-- GIVEN RECORDS follows --

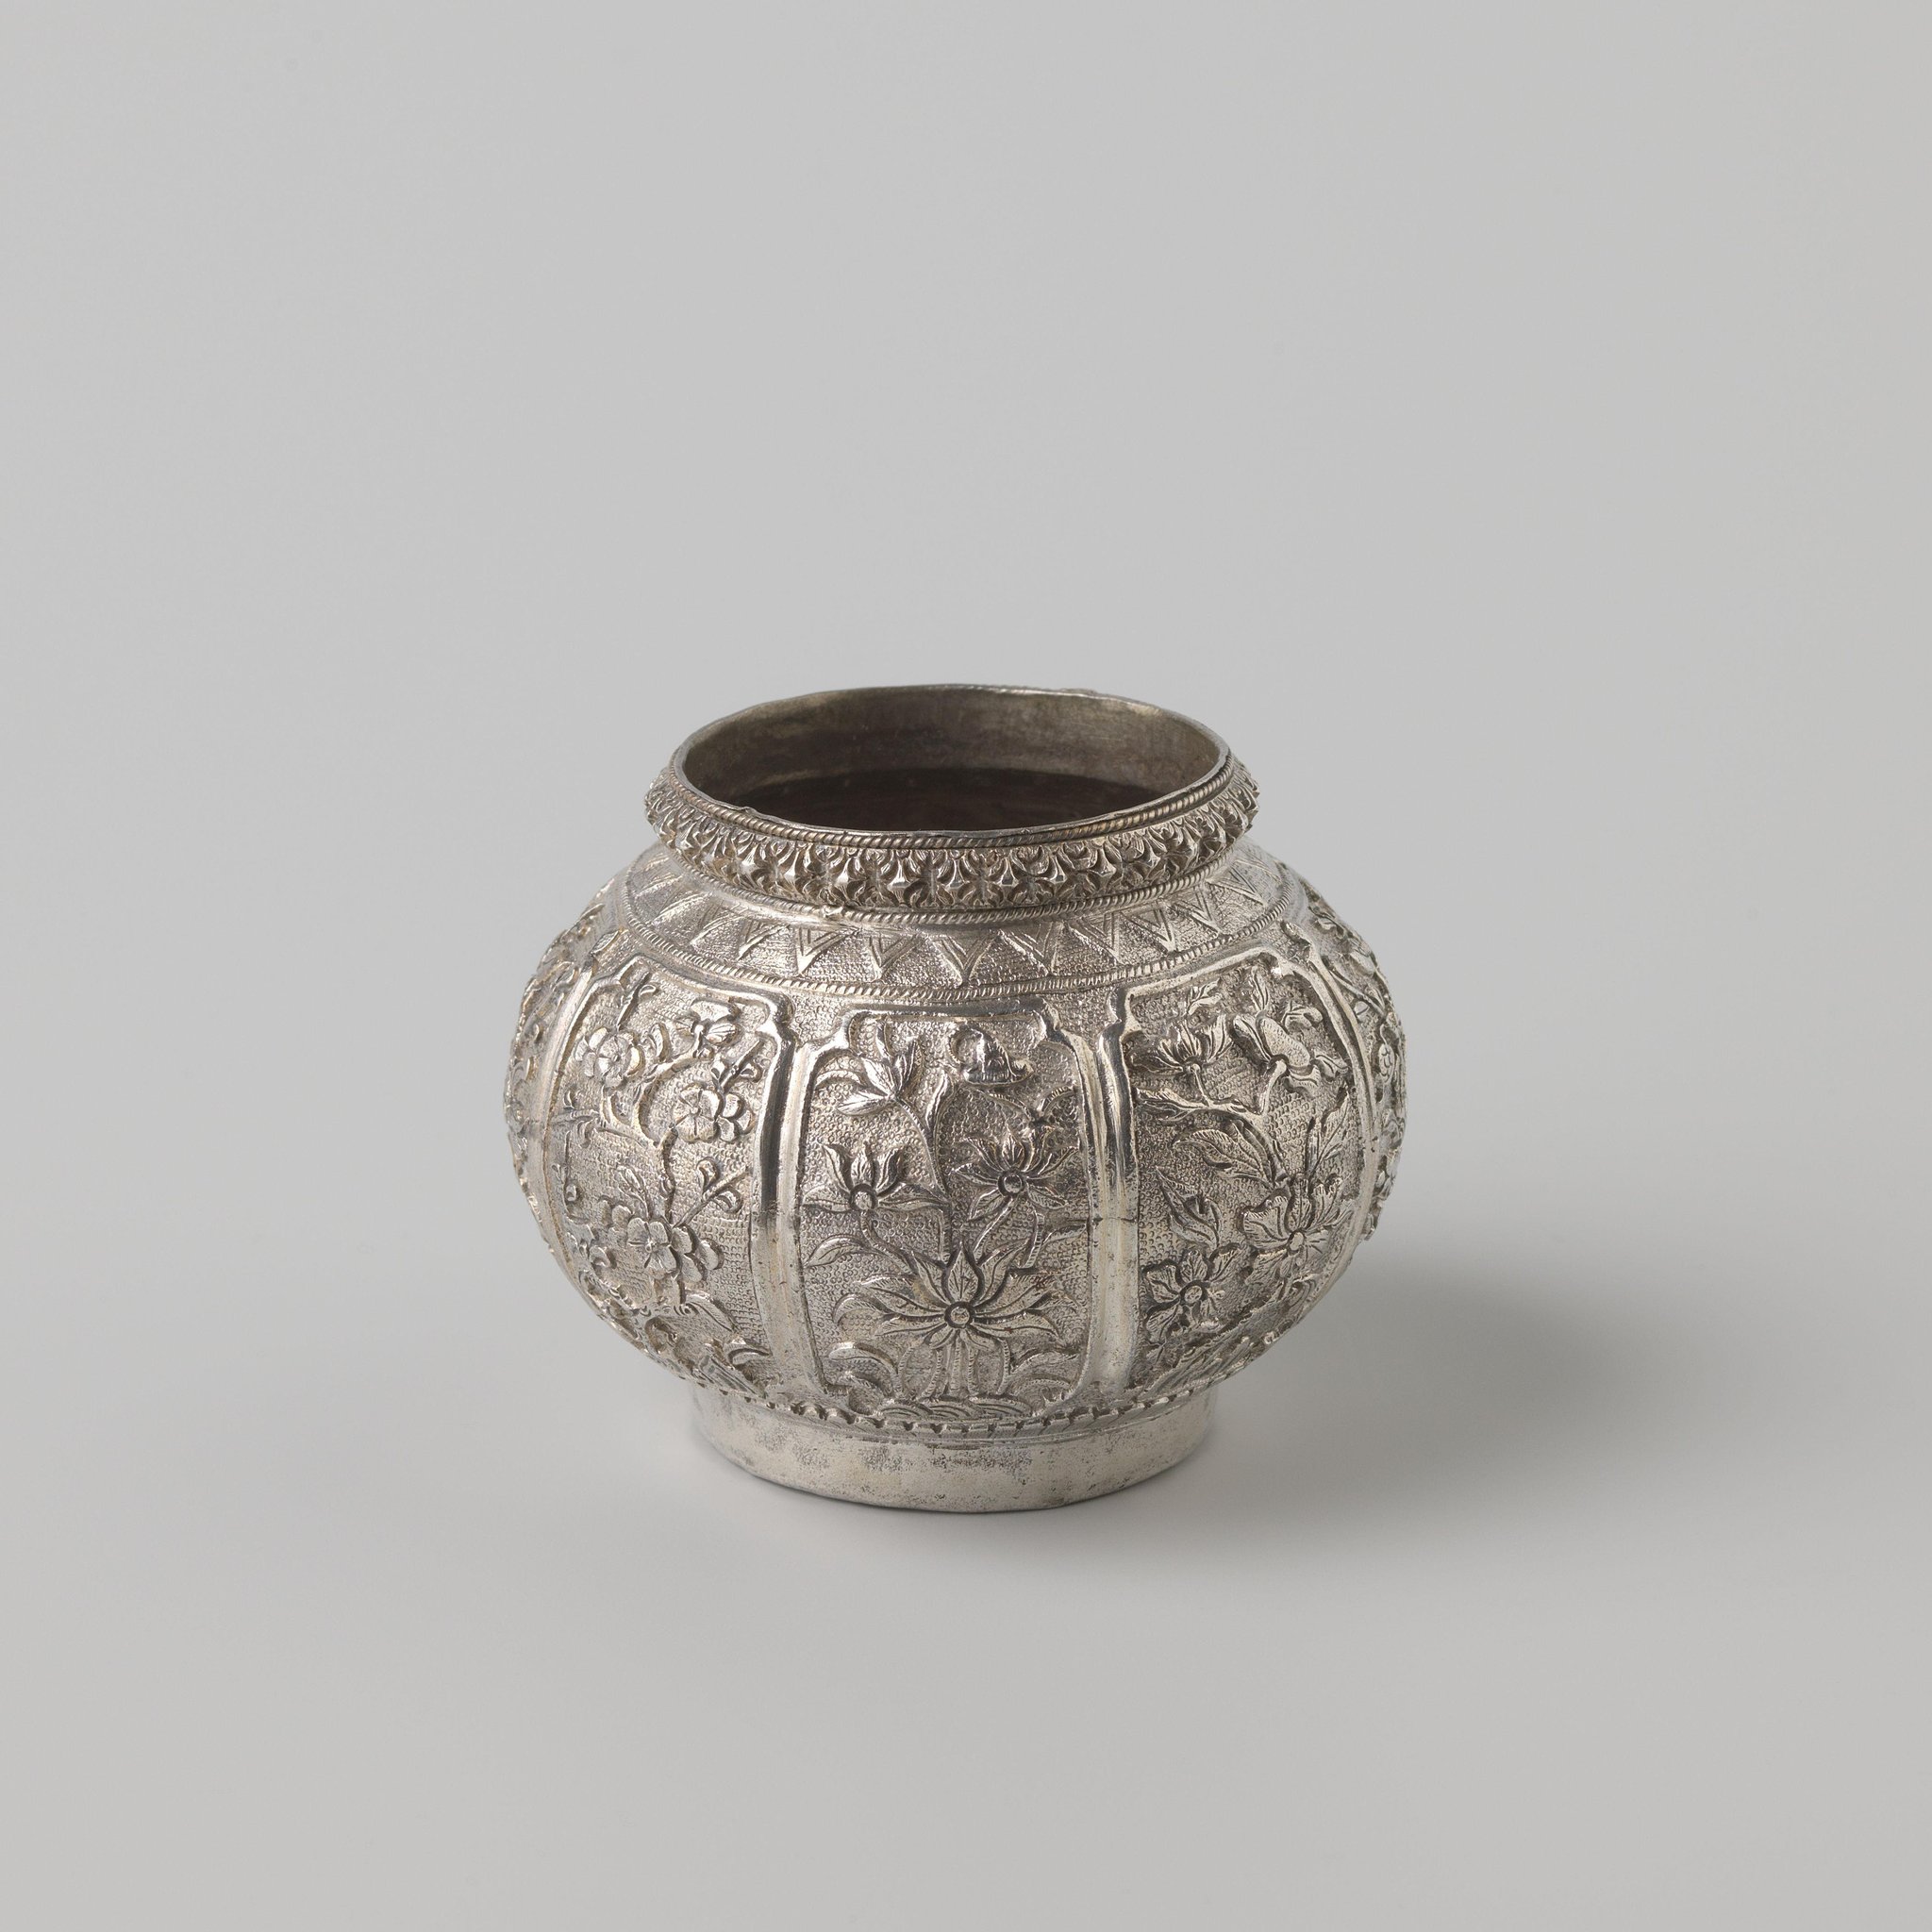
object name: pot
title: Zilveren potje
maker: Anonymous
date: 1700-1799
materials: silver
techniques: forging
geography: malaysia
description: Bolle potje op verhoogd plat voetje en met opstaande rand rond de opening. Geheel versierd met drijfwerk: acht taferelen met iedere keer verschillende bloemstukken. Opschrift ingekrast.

-- GIVEN RECORDS concluded --

▶ [EXERCISE AIM]: Return exactly the run of lines that opens with the one containing "title: Zilveren potje" and closes with the last line of the records above.

▶ [EXERCISE RESULT]:
title: Zilveren potje
maker: Anonymous
date: 1700-1799
materials: silver
techniques: forging
geography: malaysia
description: Bolle potje op verhoogd plat voetje en met opstaande rand rond de opening. Geheel versierd met drijfwerk: acht taferelen met iedere keer verschillende bloemstukken. Opschrift ingekrast.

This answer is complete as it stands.